RESERVATION OF TITLE
Property in any product supplied by the Seller shall, notwithstanding delivery to the Customer, remain with the Seller until the Seller has received:
(a) The total price payable under the relevant invoice; and
(b) Any sum payable by reason of an invoiced sum due under an invoice in respect of an earlier order.
(c) Risk of damage to or loss of any product supplied by the Seller shall pass to the Customer on delivery or if the Customer wrongfully fails to take delivery at the time when delivery is intended. Until such time as title passes to the Customer, the Customer shall hold the products as the Seller’s fiduciary agent and bailee. The customer shall label all products as the Seller’s property and shall ensure that the products are insured with a reputable insurance company.

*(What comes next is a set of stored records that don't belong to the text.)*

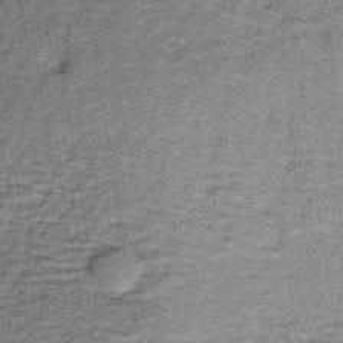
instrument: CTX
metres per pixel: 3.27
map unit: lHb
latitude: -38.2550
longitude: 66.4062
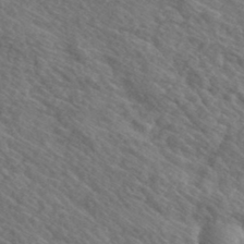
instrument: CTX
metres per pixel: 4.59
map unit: lHvf
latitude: 37.6127
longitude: -87.2915
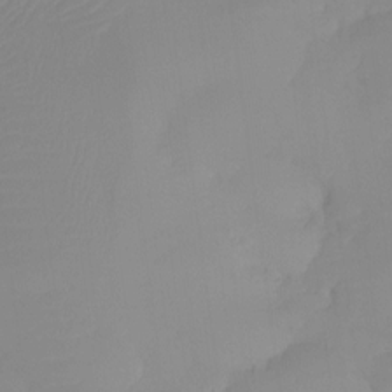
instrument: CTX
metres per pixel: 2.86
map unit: Htu
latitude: -13.5777
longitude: -49.8961
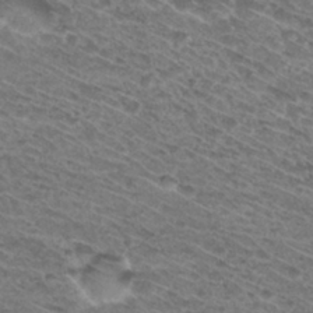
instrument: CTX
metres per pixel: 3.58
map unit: Hto
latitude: 31.0837
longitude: -46.6491
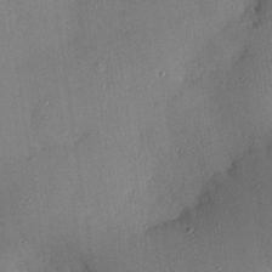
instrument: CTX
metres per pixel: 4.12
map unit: Hve
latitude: 26.5924
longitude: -91.1970
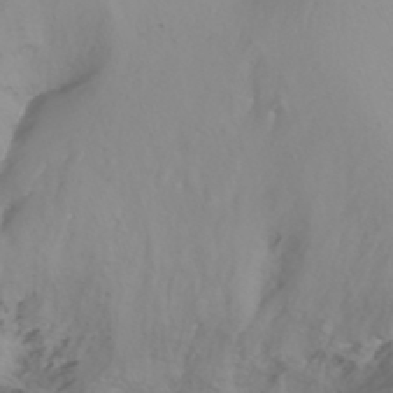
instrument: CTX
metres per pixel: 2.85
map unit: Nhu
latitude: -12.1228
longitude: -62.7813
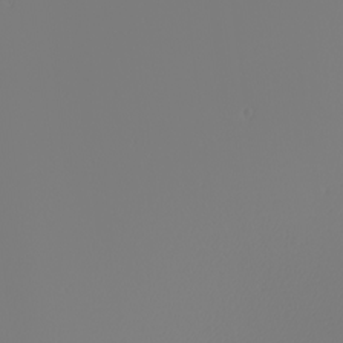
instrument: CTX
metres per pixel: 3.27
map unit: Nhu
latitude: -6.7463
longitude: -95.5749
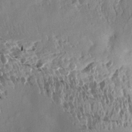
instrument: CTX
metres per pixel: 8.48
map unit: Aa
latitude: 12.7813
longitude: -141.4804
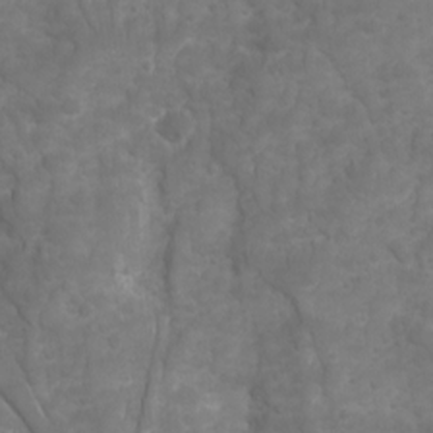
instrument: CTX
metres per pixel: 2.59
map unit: Ave
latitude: 16.5546
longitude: -132.5735
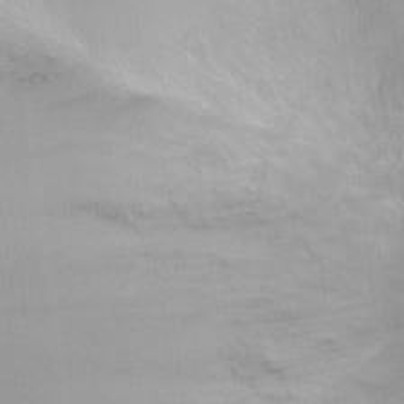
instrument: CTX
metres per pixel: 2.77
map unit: Ht
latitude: -6.8219
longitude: -19.8772
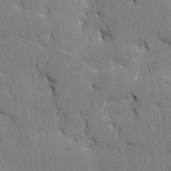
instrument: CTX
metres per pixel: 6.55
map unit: Htu
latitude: -7.7477
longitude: 176.1606
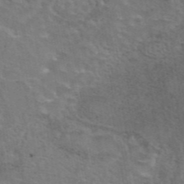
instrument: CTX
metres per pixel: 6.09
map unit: eAb
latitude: 44.6301
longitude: 107.7289
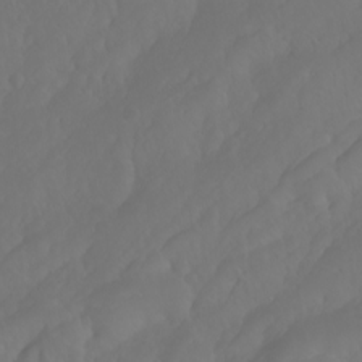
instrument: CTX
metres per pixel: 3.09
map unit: Htu
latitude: -5.8989
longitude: -69.8394
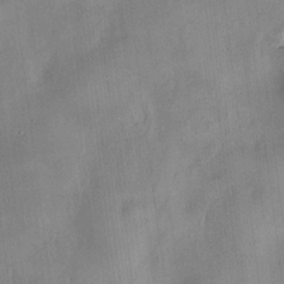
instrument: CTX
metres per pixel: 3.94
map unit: HNhu
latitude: 10.7435
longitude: 9.4076
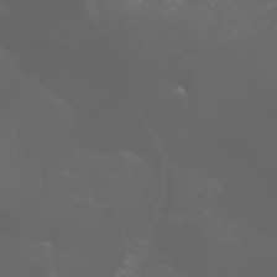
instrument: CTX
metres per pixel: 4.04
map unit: Htu
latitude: -1.3132
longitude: -74.9892
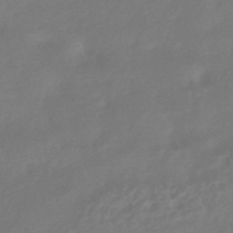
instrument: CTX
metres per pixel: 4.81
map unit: HNhu
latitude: -43.2753
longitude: 92.3873
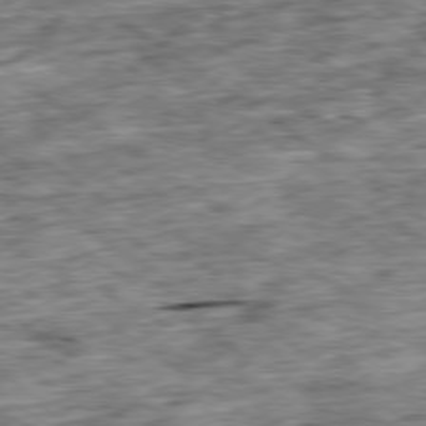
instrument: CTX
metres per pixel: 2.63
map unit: Ap
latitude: -79.4643
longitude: -75.5749
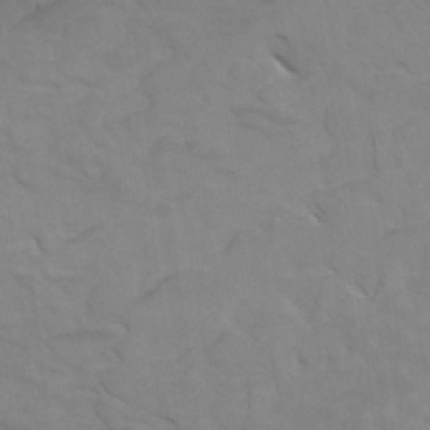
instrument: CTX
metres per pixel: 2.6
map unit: HNhu
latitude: 4.6868
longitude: -2.8947
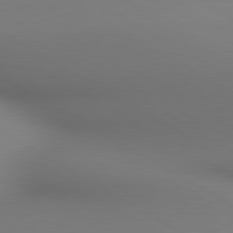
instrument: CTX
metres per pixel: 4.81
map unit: lApd
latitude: 80.4034
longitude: 136.9541
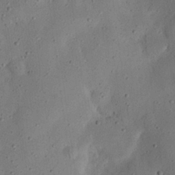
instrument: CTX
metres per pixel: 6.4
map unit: eHh
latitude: 24.4412
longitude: -69.1592
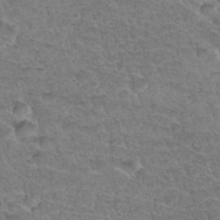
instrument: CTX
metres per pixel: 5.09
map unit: Hto
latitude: 34.3467
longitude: -46.5357
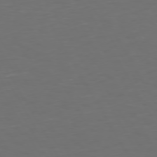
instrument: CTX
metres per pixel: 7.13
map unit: Hpe
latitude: 72.0255
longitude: -126.2523
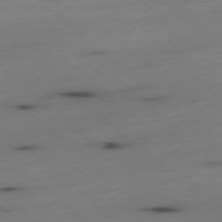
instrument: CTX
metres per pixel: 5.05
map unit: Ap
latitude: -78.2739
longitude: -61.3670
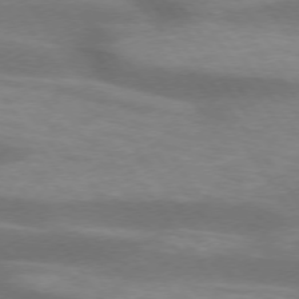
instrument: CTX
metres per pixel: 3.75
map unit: lApd
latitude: 74.1956
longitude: -54.6679
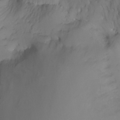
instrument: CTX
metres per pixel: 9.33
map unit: Nhu
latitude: -7.4643
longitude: -52.2334
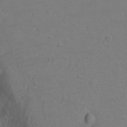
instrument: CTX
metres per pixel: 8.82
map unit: Hto
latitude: 2.4223
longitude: -33.4426
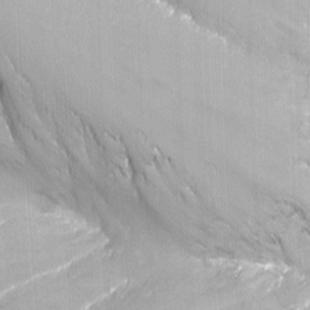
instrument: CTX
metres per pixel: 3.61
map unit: Nhu
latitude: -9.4076
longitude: -77.7071
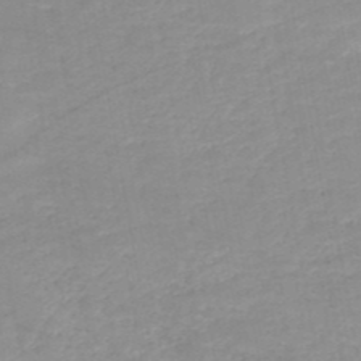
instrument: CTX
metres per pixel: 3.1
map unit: HNb
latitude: -49.9556
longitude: -39.8583
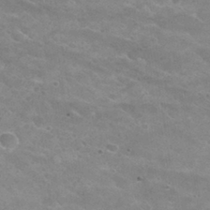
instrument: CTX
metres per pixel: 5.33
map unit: Hto
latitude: 30.2901
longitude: -46.4601
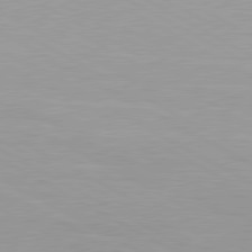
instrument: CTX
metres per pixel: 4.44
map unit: lApd
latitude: 80.6490
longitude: 158.4251
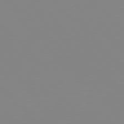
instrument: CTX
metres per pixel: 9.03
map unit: Hpe
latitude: 77.1403
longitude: -172.3278
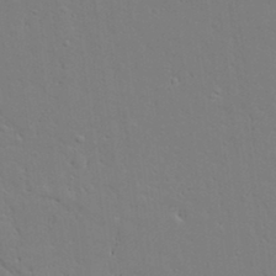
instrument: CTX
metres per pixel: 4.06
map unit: Aa
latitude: 19.4993
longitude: -125.7827
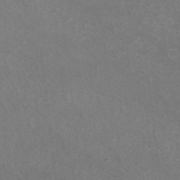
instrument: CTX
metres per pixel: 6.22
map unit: ANa
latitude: 35.5182
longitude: 13.7856
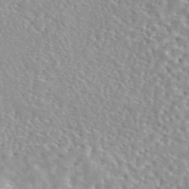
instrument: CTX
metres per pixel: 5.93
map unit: eAb
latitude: 44.7624
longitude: 114.0283
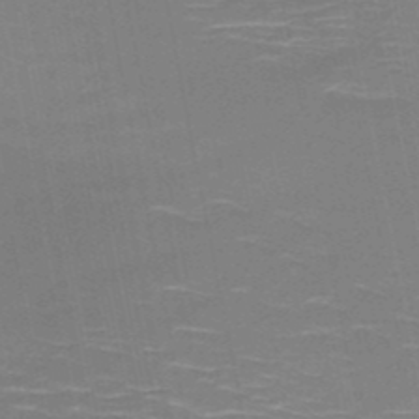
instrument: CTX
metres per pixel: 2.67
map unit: HNb
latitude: -51.1998
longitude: -45.5938
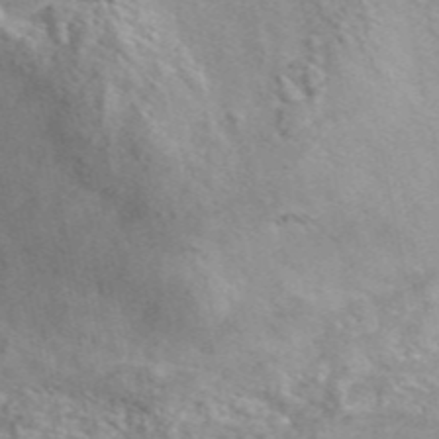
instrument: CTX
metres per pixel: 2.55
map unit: ANa
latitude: 46.5168
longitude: 26.8785
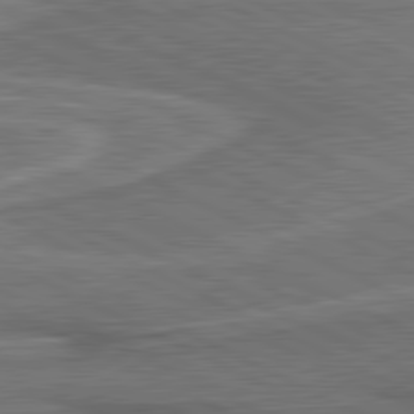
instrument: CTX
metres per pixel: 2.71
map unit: lApd
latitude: 81.1214
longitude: 140.8597
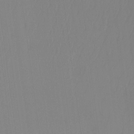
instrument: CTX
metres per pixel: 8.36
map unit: Ht
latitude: -14.3496
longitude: -50.0633
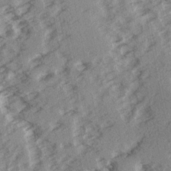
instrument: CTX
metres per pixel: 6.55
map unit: Ave
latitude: 15.0081
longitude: -104.3845
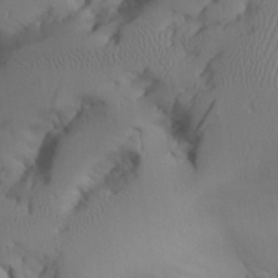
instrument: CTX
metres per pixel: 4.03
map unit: Aa
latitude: 24.7435
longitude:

Until title in the product passes to the Customer, the Seller shall be entitled at any time to require the Customer to deliver up the products and if the Customer fails to do so forthwith to enter upon the premises where the products are stored to repossess the same and the Customer shall allow the Seller or any other person nominated by the Seller access or procure the access as aforesaid to enable the Seller to repossess the same.
MISCELLANEOUS
(a) These conditions govern the contract to the exclusion of any other terms and conditions and supersede all prior agreements and representations. No variation or amendment to these conditions shall be binding unless agreed in writing and signed by the parties.
(a) This Agreement shall be governed and constructed in accordance with English law and each of the parties irrevocably submits to the exclusive jurisdiction of the English Courts.